Sinan Ulgen, qui est directeur du groupe de réflexion Edam, basé à Istanbul, mentionne que «ce résultat surprenant» était dû au fait que les électeurs voulaient punir le parti au pouvoir pour «la profondeur d’un malaise économique». 

En raison de la montée en flèche de l’inflation, de nombreux ménages turcs ont du mal à s’offrir les produits de base.

Quelque 61 millions de personnes, dont plus d’un million de nouveaux électeurs, étaient éligibles pour voter pour toutes les municipalités métropolitaines, les maires de villes et de districts ainsi que les administrations de quartier.

Le taux de participation était d’environ 76%, selon l’agence publique Anadolu, contre 87% l’année dernière.

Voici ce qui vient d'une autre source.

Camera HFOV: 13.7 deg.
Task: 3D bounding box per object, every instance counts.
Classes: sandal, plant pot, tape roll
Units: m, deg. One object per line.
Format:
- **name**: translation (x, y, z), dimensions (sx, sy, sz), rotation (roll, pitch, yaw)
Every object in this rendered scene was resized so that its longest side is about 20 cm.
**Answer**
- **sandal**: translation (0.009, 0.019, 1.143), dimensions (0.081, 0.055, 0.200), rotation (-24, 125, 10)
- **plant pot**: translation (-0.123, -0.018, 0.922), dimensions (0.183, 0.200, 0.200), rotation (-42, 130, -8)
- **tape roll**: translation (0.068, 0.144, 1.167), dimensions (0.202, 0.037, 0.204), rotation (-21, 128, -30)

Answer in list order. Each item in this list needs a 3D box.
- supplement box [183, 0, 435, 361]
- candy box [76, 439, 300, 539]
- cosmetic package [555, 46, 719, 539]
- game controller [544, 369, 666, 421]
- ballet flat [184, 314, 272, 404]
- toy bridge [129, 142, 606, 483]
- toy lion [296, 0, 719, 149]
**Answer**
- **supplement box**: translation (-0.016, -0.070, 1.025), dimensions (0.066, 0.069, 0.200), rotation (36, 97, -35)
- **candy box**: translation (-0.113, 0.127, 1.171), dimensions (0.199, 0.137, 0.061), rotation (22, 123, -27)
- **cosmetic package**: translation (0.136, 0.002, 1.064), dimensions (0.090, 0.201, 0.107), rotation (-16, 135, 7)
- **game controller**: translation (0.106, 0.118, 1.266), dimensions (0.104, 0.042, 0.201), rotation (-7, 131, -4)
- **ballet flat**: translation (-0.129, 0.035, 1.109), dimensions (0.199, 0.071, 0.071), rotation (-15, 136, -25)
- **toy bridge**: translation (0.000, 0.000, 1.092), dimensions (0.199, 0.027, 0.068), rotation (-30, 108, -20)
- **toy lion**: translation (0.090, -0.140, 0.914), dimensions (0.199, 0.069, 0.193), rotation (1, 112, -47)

Quelque 594 000 agents de sécurité étaient en service dans tout le pays pour assurer le bon déroulement du vote. Néanmoins, une personne a été tuée et 11 autres blessées dans la ville de Diyarbakir, où un conflit sur l’élection d’un administrateur de quartier a dégénéré, a rapporté l’agence publique Anadolu. 

Au moins six personnes ont également été blessées lors des combats qui ont éclaté dans la province voisine de Sanliurfa.

Les analystes estiment qu’une solide performance du parti de M. Erdogan aurait renforcé sa détermination à inaugurer une nouvelle constitution — une constitution qui refléterait ses valeurs conservatrices et lui permettrait de gouverner au-delà de 2028, date à laquelle son mandat actuel prendra fin.

M. Erdogan, qui a présidé la Turquie pendant plus de deux décennies — en tant que premier ministre depuis 2003 et président depuis 2014 — plaide en faveur d’une nouvelle constitution qui mettrait les valeurs familiales au premier plan.